Steinberg Cubase Tips & Techniques By Mark Wherry
Published July 2001

VST Score & VST/32

This month we focus on the score editor in Cubase VST Score and Cubase VST/32, and offer a handy tip for recovering corrupt Songs.

Producing musical notation is a precise art, and a large gap exists between the perfect MIDI recording and the perfect musical score. One significant difference is that the nuances of timing which make a MIDI recording sound like a real performance are not represented in a score, but left to the performer interpreting that score to add. Indeed, attempting to represent these nuances accurately is likely to lead to a hugely confusing score full of bizarre note lengths, rests, and timing. The first step in creating a score, therefore, is to quantise the music to be scored: although the mechanical feel imposed upon the music is not what you want to hear, from a notation point of view it's perfect for what you want to see. If you need to preserve the original for playback purposes, you should save a new copy of the song specifically for destructive score editing.

You can quantise a part in the Arrange window by selecting it and pressing the Q key, and you can also quantise the music currently displayed in the score editor, again by pressing the Q key. The quantise resolution can be set in either the score editor's or the Arrange window's toolbar, and should be set to the shortest note length used in the part (or parts).

Display Quantise

It's worth remembering that Cubase has two types of quantise: the standard quantise, as described above, which destructively changes the notes, and the Display Quantise, which applies quantise only to what we see in the score editor. The Display Quantise settings are found in the Staff Settings dialogue on the Score menu (note that the Score menu is greyed out when the score editor isn't open as the top window).

Once the music is quantised, the Display Quantise Notes value is responsible for setting the smallest note length that can appear on a stave. For this reason, you should always set it to the smallest note length used on the stave. This is important to know because even if your music contains demisemiquavers and you have quantised to a resolution of 32, Cubase will only display the score properly if you have also set the Notes value of Display Quantise to 32.

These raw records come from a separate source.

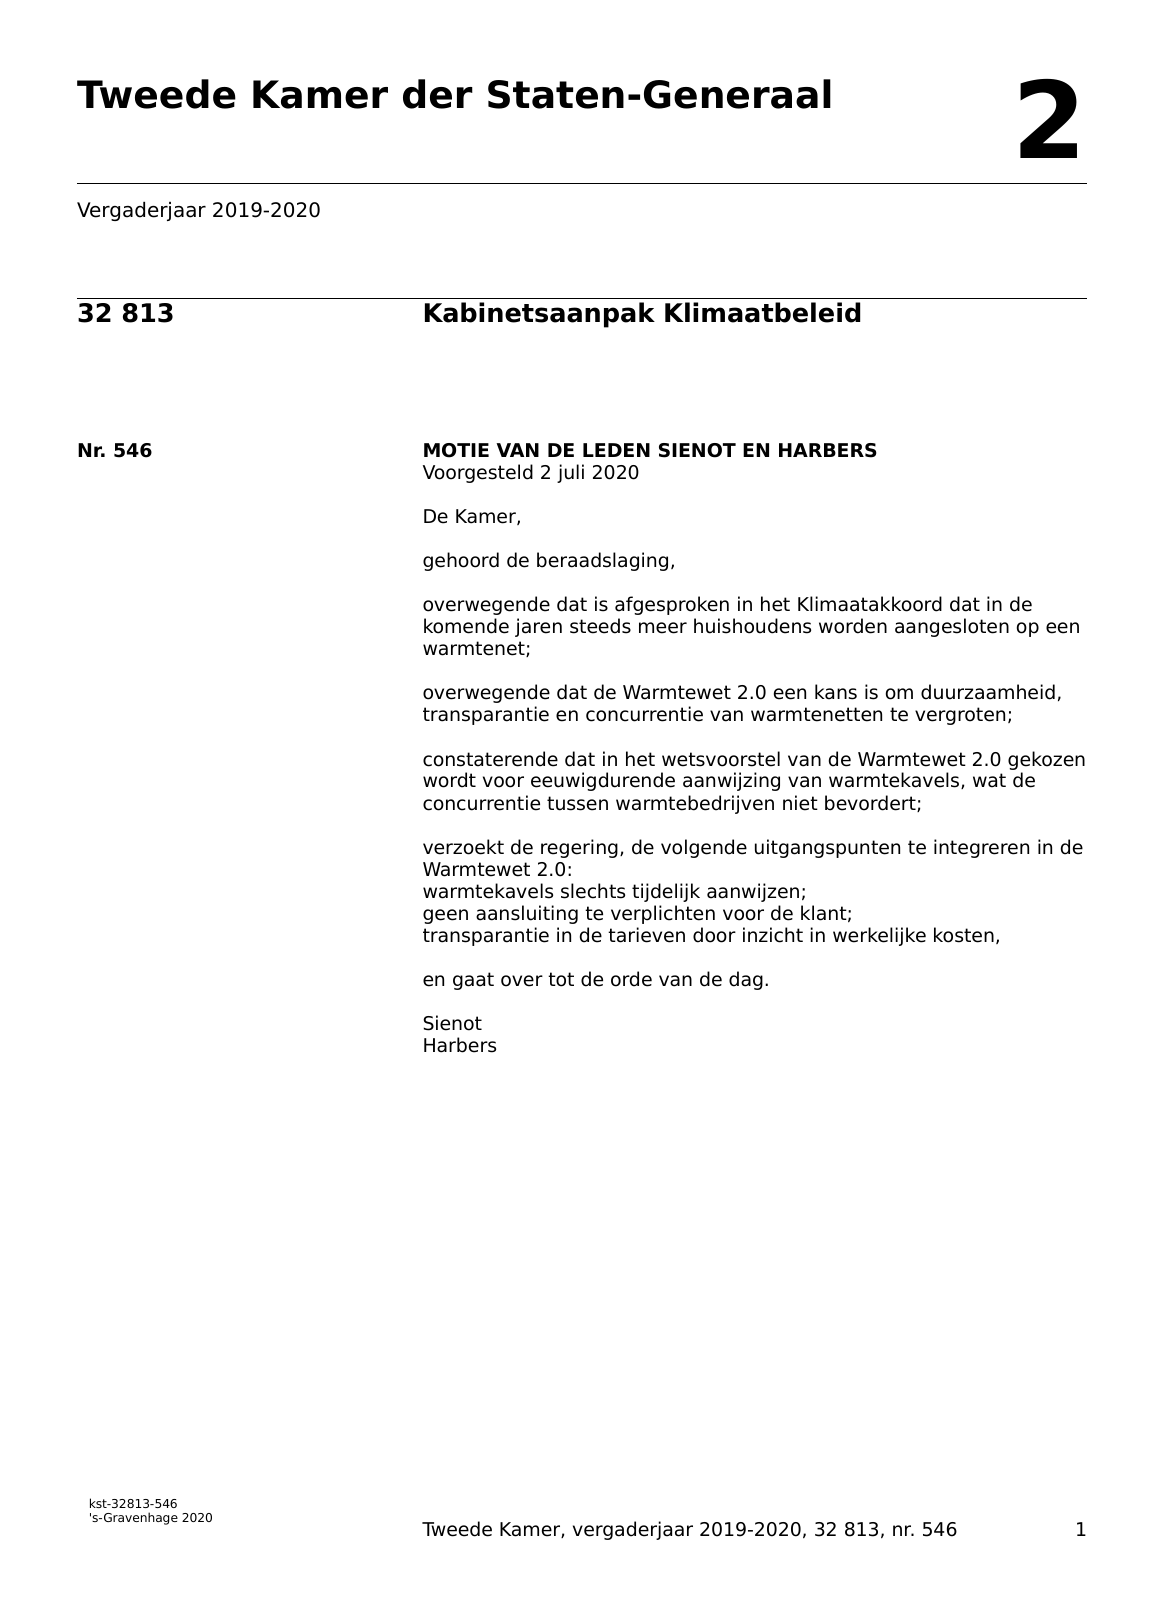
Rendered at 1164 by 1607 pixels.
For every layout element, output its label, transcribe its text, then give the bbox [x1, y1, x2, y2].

text transparantie in de tarieven door inzicht in werkelijke kosten, [422, 924, 1087, 946]
text Sienot [422, 1013, 1087, 1035]
table_header 2 [886, 59, 1087, 183]
subtitle 32 813 Kabinetsaanpak Klimaatbeleid [77, 299, 1087, 329]
text overwegende dat is afgesproken in het Klimaatakkoord dat in de komende jaren steeds meer huishoudens worden aangesloten op een warmtenet; [422, 594, 1087, 660]
text verzoekt de regering, de volgende uitgangspunten te integreren in de Warmtewet 2.0: [422, 837, 1087, 881]
table_cell Vergaderjaar 2019-2020 [77, 184, 1087, 298]
text gehoord de beraadslaging, [422, 550, 1087, 572]
text constaterende dat in het wetsvoorstel van de Warmtewet 2.0 gekozen wordt voor eeuwigdurende aanwijzing van warmtekavels, wat de concurrentie tussen warmtebedrijven niet bevordert; [422, 748, 1087, 814]
text 's-Gravenhage 2020 [88, 1511, 323, 1525]
text De Kamer, [422, 506, 1087, 528]
text overwegende dat de Warmtewet 2.0 een kans is om duurzaamheid, transparantie en concurrentie van warmtenetten te vergroten; [422, 682, 1087, 726]
text warmtekavels slechts tijdelijk aanwijzen; [422, 881, 1087, 902]
text en gaat over tot de orde van de dag. [422, 969, 1087, 991]
text kst-32813-546 [88, 1497, 323, 1511]
text Voorgesteld 2 juli 2020 [422, 462, 1087, 484]
text geen aansluiting te verplichten voor de klant; [422, 902, 1087, 924]
table_header Tweede Kamer der Staten-Generaal [77, 59, 886, 183]
subtitle Nr. 546 MOTIE VAN DE LEDEN SIENOT EN HARBERS [77, 440, 1087, 462]
text Harbers [422, 1035, 1087, 1057]

The Rests value of Display Quantise should be set to the smallest note length you would want on a single beat. This can seem slightly confusing at first, but is easily explained with a few examples. What the Rests value doesn't do is set is the smallest rest that will appear on a stave, which is what you might expect after thinking about the Notes value. In the uppermost example, right, Notes is set to 16 and Rests to 4, which are the default values. As you can see, there's no problem in displaying quaver or even semiquaver rests. I've then changed the Rests value to 16, given that 16 is the smallest rest length in the example; in the lower example, you can see what has happened to the crotchet on the third beat. By doing this, we're telling Cubase to use semiquavers as the smallest note length on a beat, which is why we suddenly have more rests in the music. You should always leave the Rests value as the default 4, and change this only if note lengths are appearing longer than you want.

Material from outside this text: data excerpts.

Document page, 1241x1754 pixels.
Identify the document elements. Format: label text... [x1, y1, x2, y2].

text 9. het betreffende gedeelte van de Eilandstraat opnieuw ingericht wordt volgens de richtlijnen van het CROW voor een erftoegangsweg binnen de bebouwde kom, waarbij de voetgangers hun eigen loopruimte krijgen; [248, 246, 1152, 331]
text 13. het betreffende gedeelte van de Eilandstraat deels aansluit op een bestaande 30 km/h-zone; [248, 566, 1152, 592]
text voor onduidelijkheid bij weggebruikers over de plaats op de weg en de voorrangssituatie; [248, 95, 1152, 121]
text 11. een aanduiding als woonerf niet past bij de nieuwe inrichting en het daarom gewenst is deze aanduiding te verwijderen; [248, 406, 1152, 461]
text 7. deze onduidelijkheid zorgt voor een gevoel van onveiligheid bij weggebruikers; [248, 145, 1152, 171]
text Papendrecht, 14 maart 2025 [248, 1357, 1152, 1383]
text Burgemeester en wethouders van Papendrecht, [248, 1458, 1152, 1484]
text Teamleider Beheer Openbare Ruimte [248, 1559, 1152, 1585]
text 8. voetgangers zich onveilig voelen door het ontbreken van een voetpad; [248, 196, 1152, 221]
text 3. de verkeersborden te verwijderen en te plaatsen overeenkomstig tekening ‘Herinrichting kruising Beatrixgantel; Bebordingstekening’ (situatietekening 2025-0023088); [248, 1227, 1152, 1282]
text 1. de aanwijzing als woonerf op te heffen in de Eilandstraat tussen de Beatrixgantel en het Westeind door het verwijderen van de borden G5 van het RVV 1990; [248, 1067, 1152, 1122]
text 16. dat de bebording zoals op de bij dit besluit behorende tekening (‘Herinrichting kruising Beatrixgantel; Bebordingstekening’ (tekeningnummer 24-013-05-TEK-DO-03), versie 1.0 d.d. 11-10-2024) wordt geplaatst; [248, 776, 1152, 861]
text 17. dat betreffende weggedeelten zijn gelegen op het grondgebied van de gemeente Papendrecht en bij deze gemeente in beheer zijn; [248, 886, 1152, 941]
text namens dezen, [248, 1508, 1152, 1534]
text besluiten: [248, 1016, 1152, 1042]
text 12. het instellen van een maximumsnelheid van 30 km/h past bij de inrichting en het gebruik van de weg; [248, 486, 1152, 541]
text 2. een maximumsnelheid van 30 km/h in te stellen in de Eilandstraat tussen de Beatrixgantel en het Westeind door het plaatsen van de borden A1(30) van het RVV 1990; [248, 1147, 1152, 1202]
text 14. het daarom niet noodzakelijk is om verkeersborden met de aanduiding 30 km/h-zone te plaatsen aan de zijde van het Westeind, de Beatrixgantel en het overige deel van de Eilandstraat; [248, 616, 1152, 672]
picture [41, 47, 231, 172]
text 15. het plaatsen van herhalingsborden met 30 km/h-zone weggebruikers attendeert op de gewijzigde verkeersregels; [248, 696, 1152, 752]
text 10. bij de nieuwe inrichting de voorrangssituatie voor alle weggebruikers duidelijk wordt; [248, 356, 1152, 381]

There's also an option called Auto Quantise. You won't need Auto Quantise if your music contains only straight notes, or only triplets (in which case you should use a triplet 'T' value for Notes). If, however, your music contains a combination of straight and triplet rhythms, the Auto Quantise flag should be activated. If you've activated Auto Quantise, two more flags become available to you: Dev. (Deviation) and Adapt. Deviation tries to detect notes that are slightly on or off the beat and pulls them into time, but generally you don't need to turn this on because the music should have already been quantised. If there are triplets in your music that haven't been interpreted as triplets in the score editor then turn the Adapt flag on, otherwise leave it off. This feature works on the assumption that if one triplet rhythm is found, there may be others before or after.

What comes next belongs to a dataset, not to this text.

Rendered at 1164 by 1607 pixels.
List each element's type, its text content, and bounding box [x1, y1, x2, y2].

Click OK when you're happy with the settings, and check through the score to see what's happened.

Fixing Note Lengths

After Display Quantise, there's another set of features to help you interpret a MIDI recording into correct notation; the so called Interpretation Flags you may have noticed under Display Quantise in the Staff Settings dialogue. Cubase's score editor is extremely sensitive, especially when it comes to rhythm, and while we can solve the problem of where the notes fall in the bar with either quantise or display quantise, the actual lengths of the notes pose another problem.

If we played four semiquaver notes on the four crotchet beats of a 4/4 bar, you'll notice that by default the score editor rounds the length of the note up so that it cleanly fills the gap to the next note. In this instance, our four semi‑quavers get rounded up to four crotchets. This behaviour is toggled by an Interpretation Flag called Clean Lengths, which is active by default, and which forces notes with an ambiguous length to be rounded up to last until either the next note, or the next Rests Display Quantise position.

If everything has been played into Cubase in real time, it's possible to have a single‑voice part containing overlapping notes. Because you would never see music written like this, and as it would actually be impossible to play on a monophonic instrument such as a flute, we need to clear up the display. One solution would be to go through your score and shorten all the overlapping notes manually, but fortunately you don't have to because Cubase provides a No Overlaps Interpretation Flag to deal with these problems.

Syncopation

In music, a rhythm that doesn't fall on the established accented beats of the time signature is known as a syncopated rhythm. If you try to enter the rhythm 'quaver crotchet crotchet crotchet quaver' in a bar of standard 4/4 time, the third note appears tied, which is to say that it's split into one or more notes and 'tied' together to indicate the notes should be played as one without a break. To the ear there's nothing wrong with this, but it's grammatically incorrect; the two tied quavers should appear as a crotchet. Fortunately, where syncopated rhythms are concerned there's an easy way around this by simply activating the Syncopation Interpretation Flag.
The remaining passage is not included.